The young nun’s beautiful, natural smile and big brown eyes lit the small room. From behind the screen, she reached out. Our fingers met on one of the barrier’s metal bars. The abrazo en distancia was touching in every sense. I was so moved that I wanted to cry. The words Graham Greene once used to describe sanctity ran through my mind.
“There are some people who are so good that their existence convinces me that there is a God…”
After conversing back and forth for about twenty minutes, we all realized the mass was beginning; we said our goodbyes. Maria and I entered the church, and immediately we heard the sisters singing. I looked up to the choir loft, and behind its large metal grill, I saw the outlines of the figures of about ten sisters. They glowed in their bright white habits.
Maria and I took our seats, with what I counted to be about forty others. After forty-five minutes or so, the service ended.
Then, something unexpected and unforgettable happened. As we processed out of the church, several of the nuns moved to the front of the choir loft. From above, just behind the grill, they began to wave goodbye to the mass attendees. These were not gestures of sadness; they transmitted pure joy.

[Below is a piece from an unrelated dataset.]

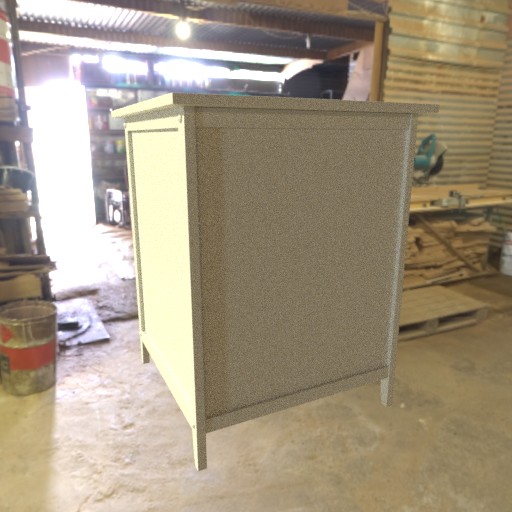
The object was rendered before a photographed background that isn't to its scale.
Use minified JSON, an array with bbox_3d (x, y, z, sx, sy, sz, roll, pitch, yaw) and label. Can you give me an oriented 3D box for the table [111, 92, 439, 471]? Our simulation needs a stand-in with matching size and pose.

I was overcome. Tears streamed down my face. At that moment, I realized that in their seclusion and silence, these women had learned things that, despite all my travels and immersion in the world, I could never learn.
They are angels among us. Seeing them, hearing them, and feeling their holiness, the horror of the monsters receded.
I have visited Madrid countless times. It is a glorious city filled with famous museums and magnificent monuments; yet, I can assure you that there is no experience here more profound than attending the Sunday mass with the sisters of the Convento de las Monjas Trinitarias Descalzas.
Fabulous! Thank you. Beautiful post.